An affirmative asylum application is one that an alien, who is not in removal proceedings, files with U.S. Citizenship and Immigration Services (USCIS), a component of DHS. A defensive asylum application is one a respondent files while already in removal proceedings.
Withholding of Removal
Withholding of removal is granted to qualified applicants who have established that it is more likely than not that their life or freedom would be threatened on account of their race, religion, nationality, membership in a particular social group, or political opinion in the proposed country of removal.
An order granting withholding of removal prohibits an alien’s removal to the country where his or her life or freedom would be threatened, but allows possible removal to a third country where the alien’s life or freedom would not be threatened. Withholding of removal pertains solely to the applicant and, therefore, eligible family members must file their own individual applications for withholding of removal. This form of relief cannot lead to lawful permanent residence status or citizenship. A grant of withholding of removal does not entitle a respondent to a grant of work authorization. Convention Against Torture (CAT) CAT protections relate to the obligations of the U.S. under Article 3 of the United Nations
Convention Against Torture
This is an international treaty provision designed to protect individuals from being returned to countries where it is more likely than not that they would face torture inflicted by, at the instigation of, or with the consent or acquiescence of a person acting in an official capacity, such as a public official. In accordance with CAT, certain respondents may qualify to have their removal withheld or deferred. Protection under CAT is not relief from removal.
Cancellation of Removal
Cancellation of removal is a form of discretionary relief that is available to both certain legal permanent residents (LPRs) and non-LPRs, each with differing requirements:
• A respondent who is an LPR must have resided continuously in the U.S. for at least seven years, including at least five years as an LPR, and not been convicted of an aggravated felony. After establishing these requirements, an LPR respondent must also demonstrate that he or she warrants a favorable exercise of the court’s discretion.

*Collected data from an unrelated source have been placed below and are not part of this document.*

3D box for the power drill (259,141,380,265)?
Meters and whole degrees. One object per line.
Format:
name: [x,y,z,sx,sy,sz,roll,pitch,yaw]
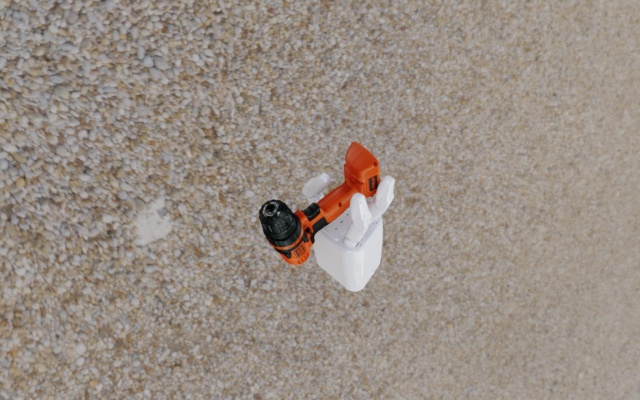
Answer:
power drill: [0.001,0.002,0.679,0.187,0.057,0.184,-40,-21,-10]
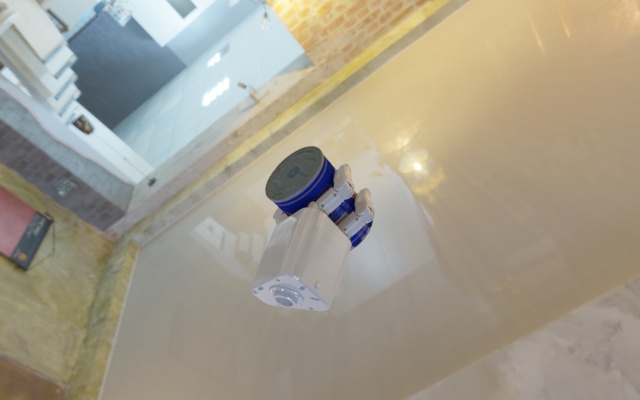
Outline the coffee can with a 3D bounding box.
[{"bbox_3d":[0.000,0.002,0.720,0.103,0.102,0.140,0,-38,47],"label":"coffee can"}]
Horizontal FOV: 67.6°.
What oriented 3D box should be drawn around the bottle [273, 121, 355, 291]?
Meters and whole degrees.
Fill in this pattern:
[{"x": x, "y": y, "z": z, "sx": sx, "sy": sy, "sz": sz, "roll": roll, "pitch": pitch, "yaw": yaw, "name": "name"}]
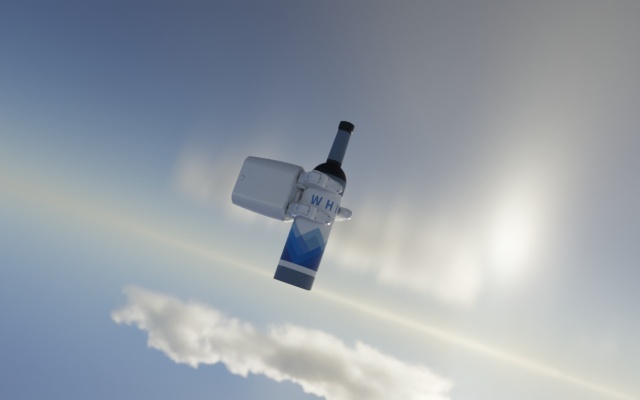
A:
[{"x": 0.000, "y": 0.003, "z": 0.813, "sx": 0.069, "sy": 0.295, "sz": 0.069, "roll": 18, "pitch": -10, "yaw": 3, "name": "bottle"}]
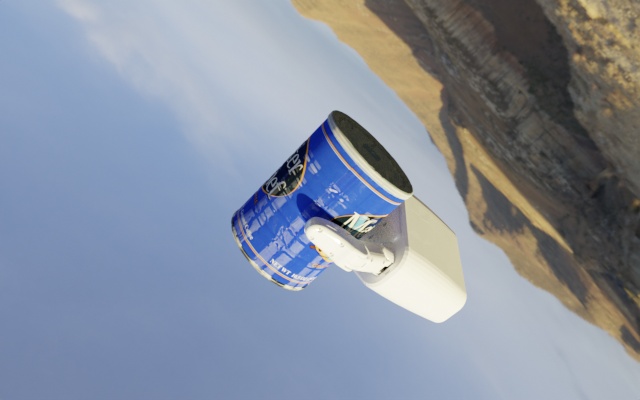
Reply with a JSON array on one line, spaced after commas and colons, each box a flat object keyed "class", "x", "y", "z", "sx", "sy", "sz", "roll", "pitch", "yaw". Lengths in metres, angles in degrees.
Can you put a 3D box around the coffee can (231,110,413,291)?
[{"class": "coffee can", "x": 0.000, "y": 0.001, "z": 0.447, "sx": 0.140, "sy": 0.102, "sz": 0.103, "roll": -43, "pitch": -18, "yaw": 20}]
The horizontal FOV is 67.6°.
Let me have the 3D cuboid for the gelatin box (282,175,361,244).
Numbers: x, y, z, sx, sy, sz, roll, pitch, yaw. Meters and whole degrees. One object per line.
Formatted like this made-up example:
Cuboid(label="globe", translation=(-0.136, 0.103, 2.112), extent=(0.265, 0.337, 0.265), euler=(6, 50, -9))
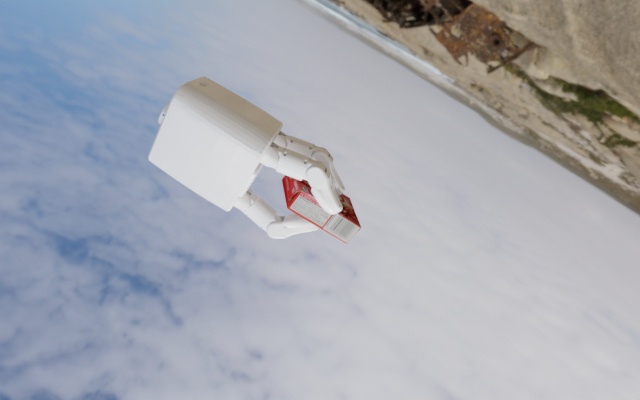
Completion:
Cuboid(label="gelatin box", translation=(0.000, 0.002, 0.554), extent=(0.089, 0.030, 0.073), euler=(32, 19, -22))
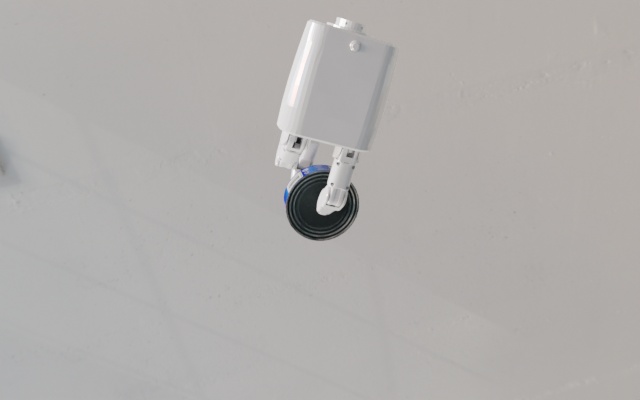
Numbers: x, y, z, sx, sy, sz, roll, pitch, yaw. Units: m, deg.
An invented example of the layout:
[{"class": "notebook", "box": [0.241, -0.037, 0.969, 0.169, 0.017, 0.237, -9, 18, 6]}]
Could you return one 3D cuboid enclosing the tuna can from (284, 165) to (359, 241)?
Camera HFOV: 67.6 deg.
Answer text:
[{"class": "tuna can", "box": [0.000, 0.002, 0.562, 0.086, 0.086, 0.033, 0, 20, -11]}]
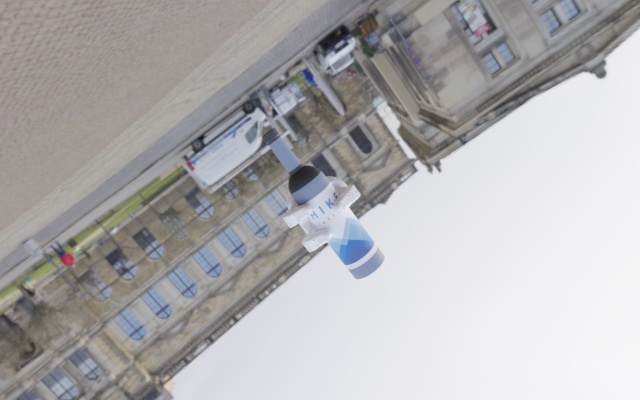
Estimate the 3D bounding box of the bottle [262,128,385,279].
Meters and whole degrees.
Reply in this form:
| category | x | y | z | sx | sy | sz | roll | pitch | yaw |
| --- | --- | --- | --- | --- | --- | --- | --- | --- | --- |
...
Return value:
| category | x | y | z | sx | sy | sz | roll | pitch | yaw |
| --- | --- | --- | --- | --- | --- | --- | --- | --- | --- |
| bottle | 0.000 | 0.003 | 0.818 | 0.069 | 0.296 | 0.069 | -35 | 11 | 8 |
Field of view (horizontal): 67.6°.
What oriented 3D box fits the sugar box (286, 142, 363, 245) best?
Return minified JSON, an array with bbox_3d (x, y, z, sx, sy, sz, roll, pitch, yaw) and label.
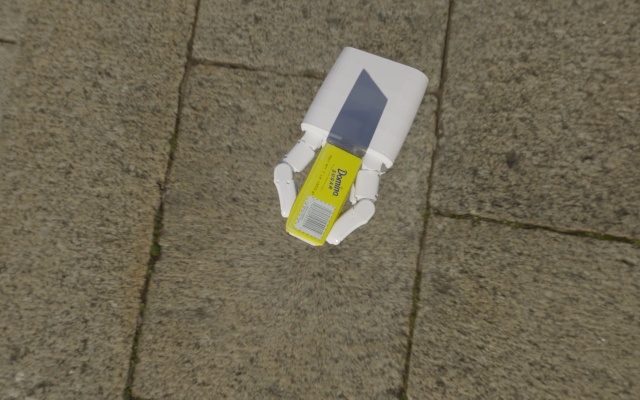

• A respondent who is a non-LPR must have resided continuously in the U.S. for at least 10 years immediately preceding the cancellation application, be of good moral character during that time period, not have been convicted of certain criminal offenses, have a qualifying relative who is a U.S. citizen or LPR, and establish that the qualifying relative will suffer exceptional and extremely unusual hardship if the respondent is removed. After establishing these requirements, a non-LPR respondent must also demonstrate that he or she warrants a favorable exercise of the court’s discretion.
The law caps the number of cancellation of removal applications that may be granted to non-LPRs each year. This can cause delays in the issuance of the immigration judge’s decision following the final hearing.